Кристалл уныния, застывший в льдистой раме.
О, сколько раз в отчаяньи, часами,
Усталая от снов и чая грез былых,
Опавших, как листы, в провалы вод твоих,
Сквозила из тебя я тенью одинокой.
Но горе! В сумерки, в воде твоей глубокой
Постигла я тщету своей нагой мечты.[8]
Двойственность зеркал, темные воды бассейнов, листы, опадающие на поверхность вод, усталость от снов, сумерки над лесными водоемами, «тщета нагой мечты» – эти образы повторяются и текут в юношеской поэзии Ренье.
«Я смотрел, как в воду бассейна падали листья один за другим. Не было ли ошибкой, что в моей жизни я имел занятие иное, чем этот грустный счет часов, лист за листом, над грустными и чуткими водами. Все чаще падают листья. По два сразу. Слабый ветер, поднявшись, осторожно качает – прежде чем уронить – их, усталые, напрасные.
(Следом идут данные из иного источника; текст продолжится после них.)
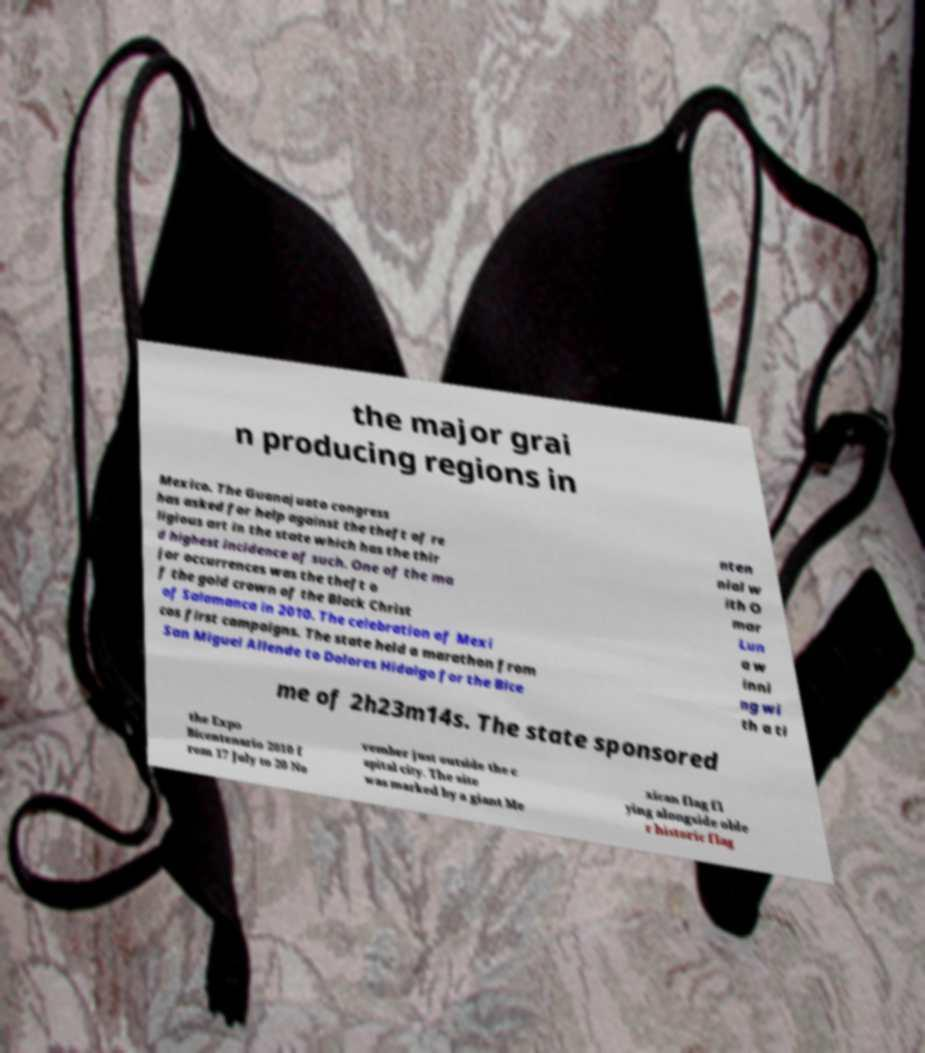What messages or text are displayed in this image? I need them in a readable, typed format. the major grai n producing regions in Mexico. The Guanajuato congress has asked for help against the theft of re ligious art in the state which has the thir d highest incidence of such. One of the ma jor occurrences was the theft o f the gold crown of the Black Christ of Salamanca in 2010. The celebration of Mexi cos first campaigns. The state held a marathon from San Miguel Allende to Dolores Hidalgo for the Bice nten nial w ith O mar Lun a w inni ng wi th a ti me of 2h23m14s. The state sponsored the Expo Bicentenario 2010 f rom 17 July to 20 No vember just outside the c apital city. The site was marked by a giant Me xican flag fl ying alongside olde r historic flag

Те, что падают в бассейн, сперва плавают по поверхности, потом набухают, тяжелеют и тонут наполовину. Вчерашние погрузились уже, другие еще бродят по поверхности. Сквозь прозрачность холодной воды, ясной до самого дна, исчервленного бронзой, видны целые кучи их – потонувших… Лампа горит в углу большой залы, и я стою, лицом прижавшись к окну. Я уже не вижу, как падают листья, но чувствую, как внутри меня самого что-то обрывается и медленно падает. Мне кажется, что в молчании я слышу падение моих мыслей. Они падают с очень большой высоты, одна за другой, медленно осыпаясь, и я принимаю их всем прошлым, что живет во мне. Мертвенное и легкое их ниспадение не тяжелит отшедшими порывами жизни. Гордость осыпается, лепестки славы облетают».[9] (Manuscrit trouve dans une armoire) [Рукопись, найденная в шкафу].
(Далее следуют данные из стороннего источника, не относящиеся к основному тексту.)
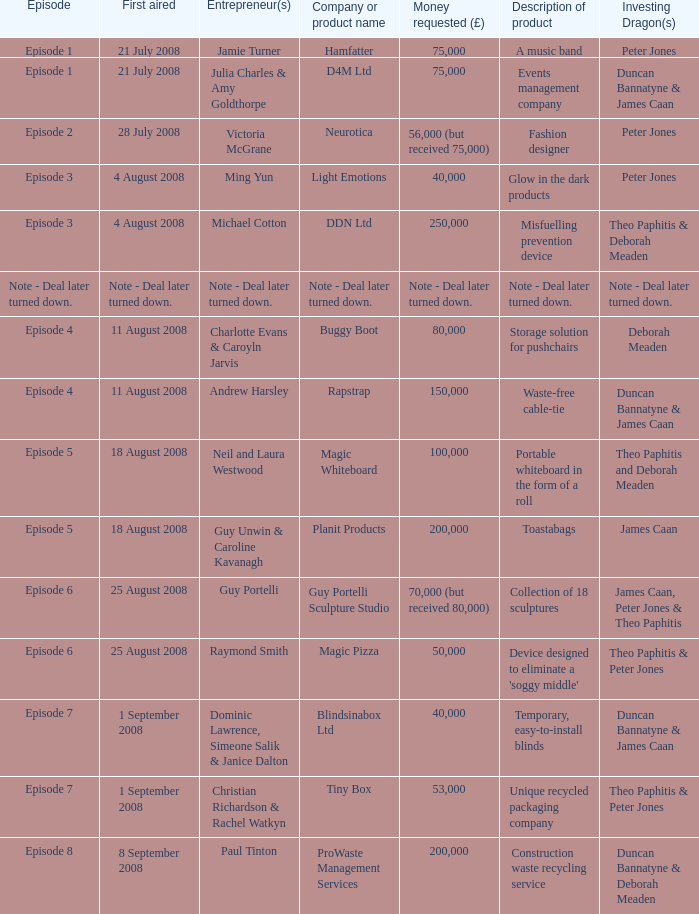How much money did the company Neurotica request? 56,000 (but received 75,000).

Все юношеские поэмы Ренье отличаются этой вечерней меланхолией усталой и безнадежной.
Нет у меня ничего,
Кроме трех золотых листьев и посоха
Из ясеня,
Да немного земли на подошвах ног,
Да немного вечера в моих волосах,
Да бликов моря в зрачках…
Потому что я долго шел по дорогам
Лесным и прибрежным,
И срезал ветвь ясеня,
И у спящей осени взял мимоходом
Три золотых листа…
Прими их. Они желты и нежны
И пронизаны
Алыми жилками.
В них запах славы и смерти.
Они трепетали под темным ветром судьбы.
Подержи их немного в своих нежных руках:
Они так легки, и помяни
Того, кто постучался в твою дверь вечером,
Того, кто сидел молча,
Того, кто уходя унес
Свой черный посох
И оставил тебе эти золотые листья
Цвета смерти и солнца…
Разожми руку, прикрой за собою дверь,
И пусть ветер подхватит их
И унесет…[10]
Все проходит, и в пожелтевших уборах пышной осени поэт чует «запах Славы и Смерти». И ту, которую он любит, он может попросить только о том, чтобы она подержала в руках «три золотых листа цвета Смерти и Солнца» и отпустила их по воле ветра.
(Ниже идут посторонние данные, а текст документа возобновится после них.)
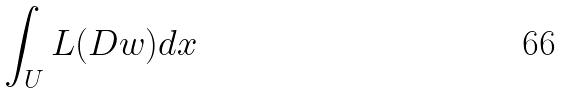Convert formula to latex. <formula><loc_0><loc_0><loc_500><loc_500>\int _ { U } L ( D w ) d x</formula>

Эта грусть характерна для юношеской поэзии Анри де Ренье. В эти годы он видел грустную девушку в барке, на темной реке, в вечерних сумерках. Он ее звал призывным и сладким именем Эвридики. Какие-то древние печали жили в глубине ее снов. Она сидела в лодке и плакала. А напротив сидел павлин, своим ослепительным хвостом наполняя всю ладью. Незапамятная грусть темнила ее глаза, и она говорила голосом древним и истинным, голосом столь тихим, точно он доносился с другого берега реки, с другого берега Судьбы.